◆ THE TASK ◆
Would you write out every record that follows exactly, with the pictures left out?

◆ MATERIAL PROVIDED ◆

*** Block opens ***

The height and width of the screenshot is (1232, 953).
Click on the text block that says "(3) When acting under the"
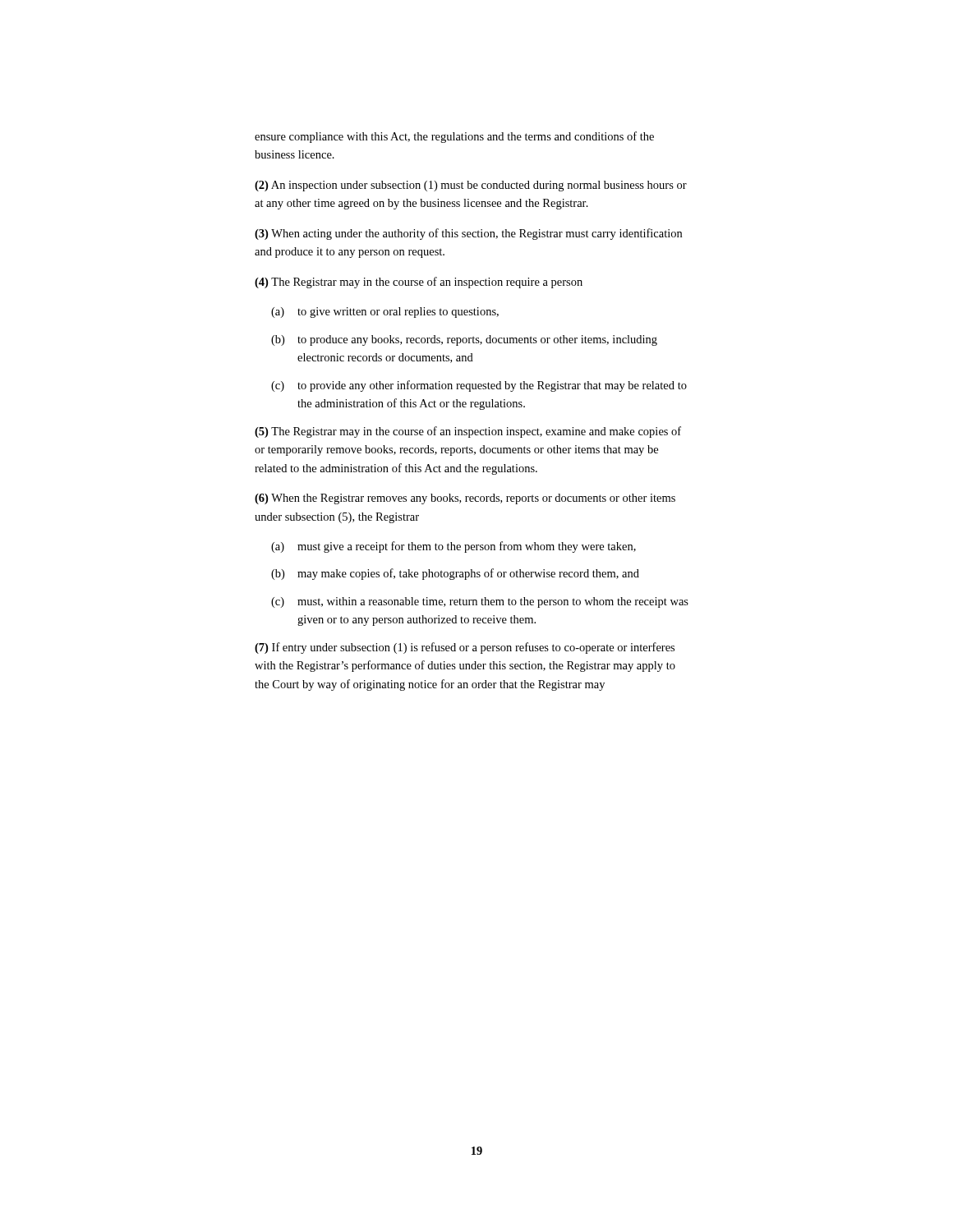pyautogui.click(x=469, y=242)
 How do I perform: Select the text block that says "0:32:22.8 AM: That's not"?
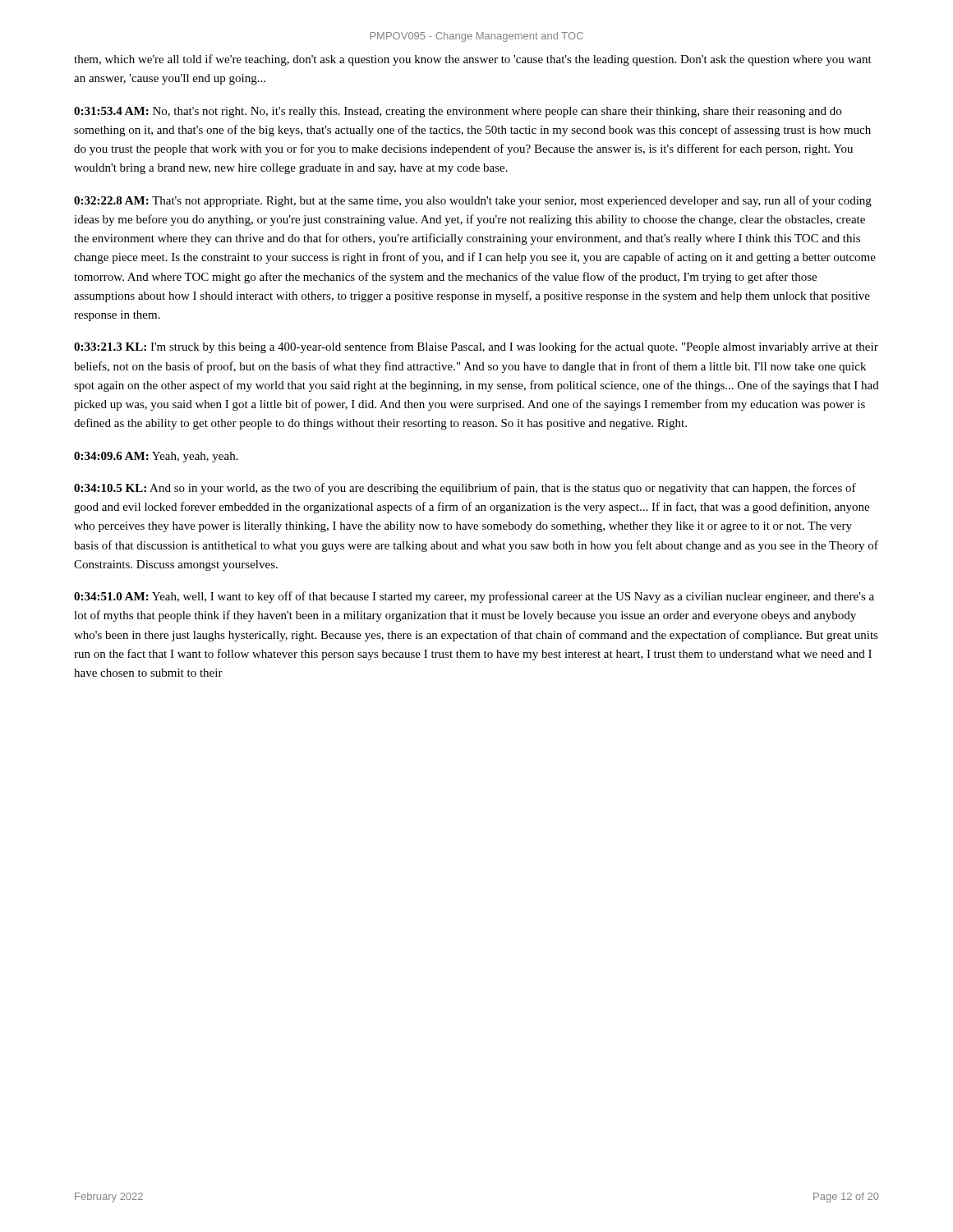tap(475, 257)

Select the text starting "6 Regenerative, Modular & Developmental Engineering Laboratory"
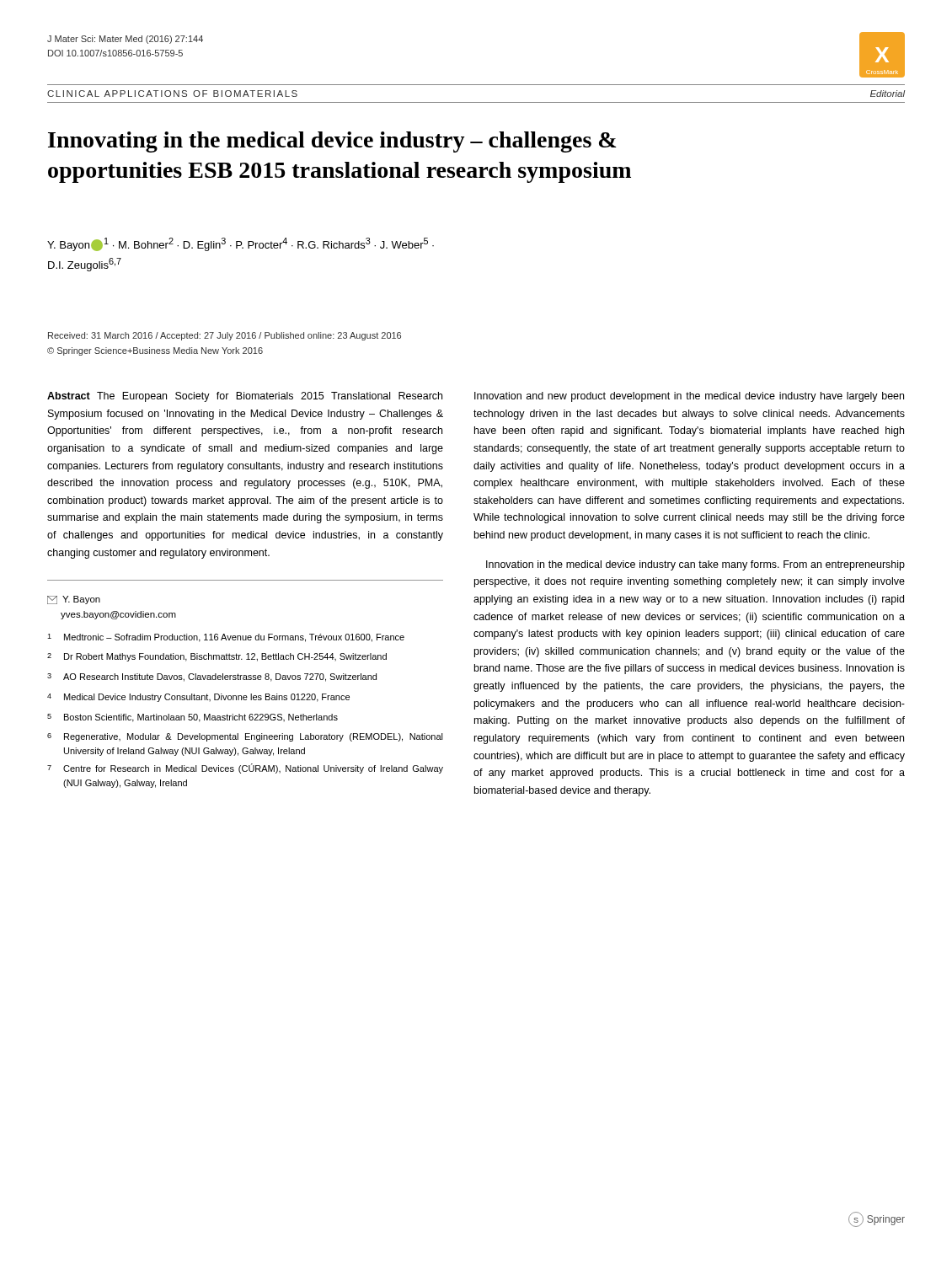click(245, 744)
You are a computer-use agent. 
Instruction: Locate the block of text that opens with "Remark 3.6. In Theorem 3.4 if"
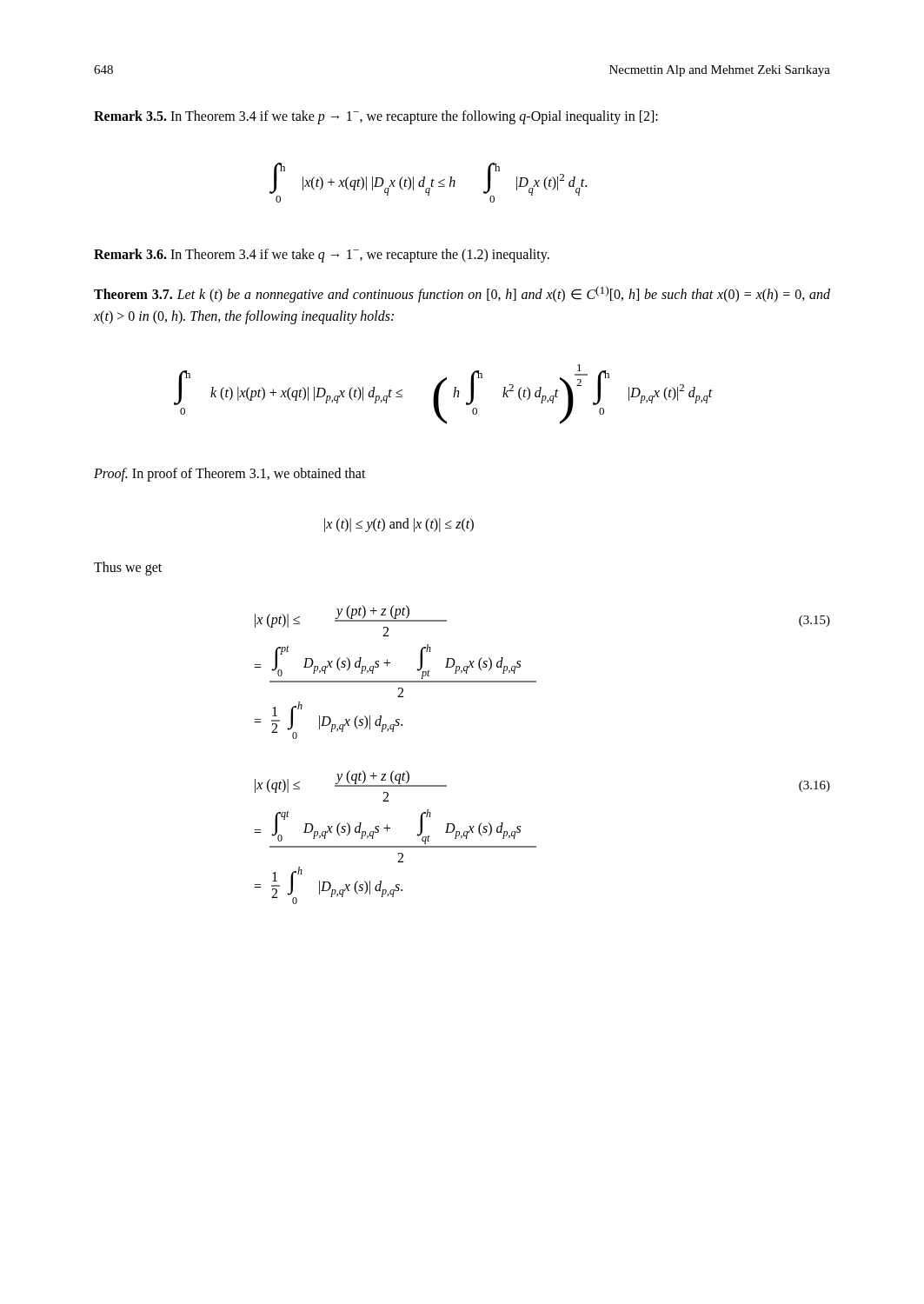[x=462, y=254]
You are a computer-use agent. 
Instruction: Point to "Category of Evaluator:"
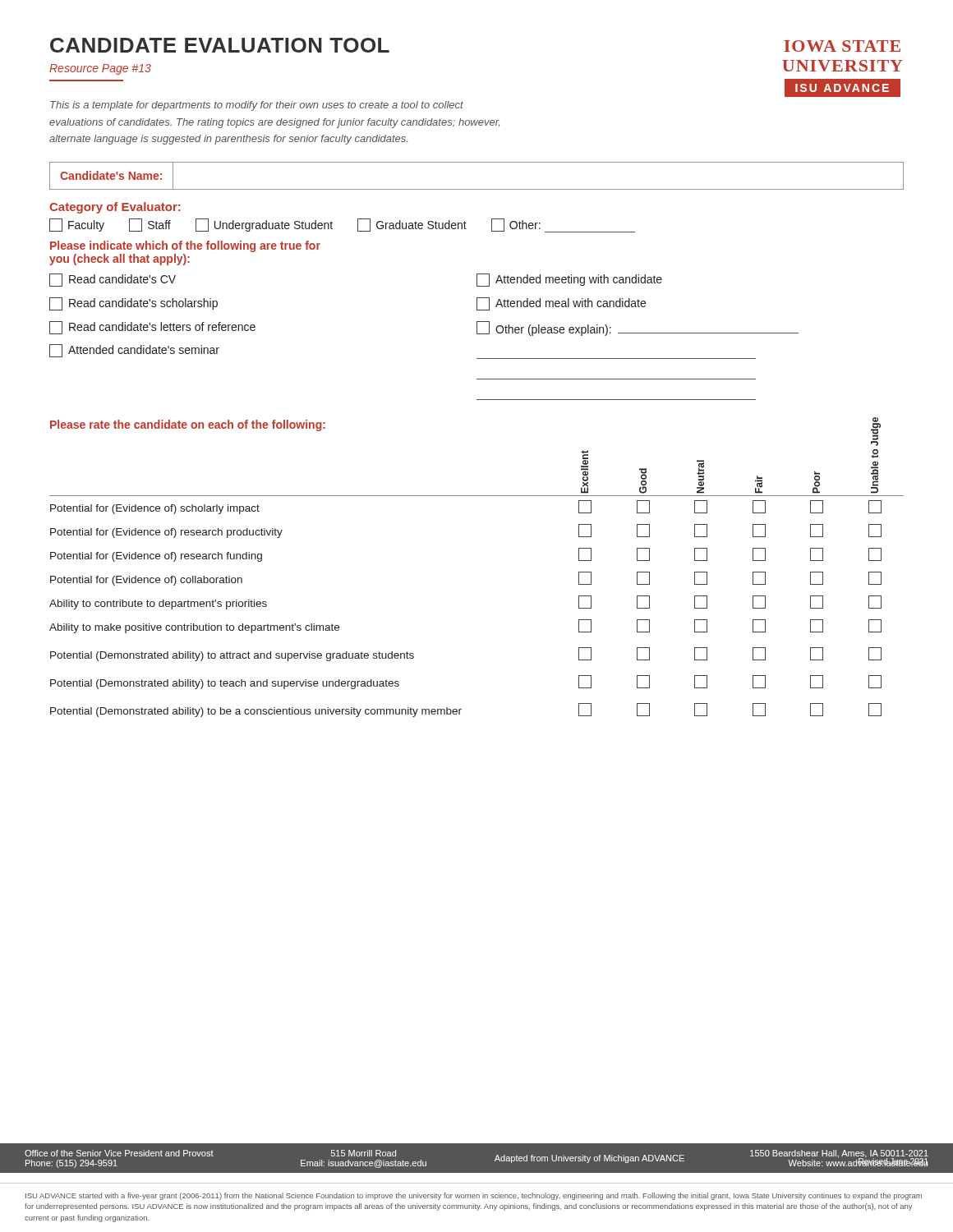coord(115,206)

*** Block closes ***

◆ REPLY ◆
The height and width of the screenshot is (1232, 953).
Click on the text block that says "(3) When acting under the"
pyautogui.click(x=469, y=242)
 How do I perform: Select the text block that says "0:32:22.8 AM: That's not"?
tap(475, 257)

Select the text starting "6 Regenerative, Modular & Developmental Engineering Laboratory"
click(245, 744)
You are a computer-use agent. 
Instruction: Locate the block of text that opens with "Remark 3.6. In Theorem 3.4 if"
[x=462, y=254]
You are a computer-use agent. 
Instruction: Point to "Category of Evaluator:"
coord(115,206)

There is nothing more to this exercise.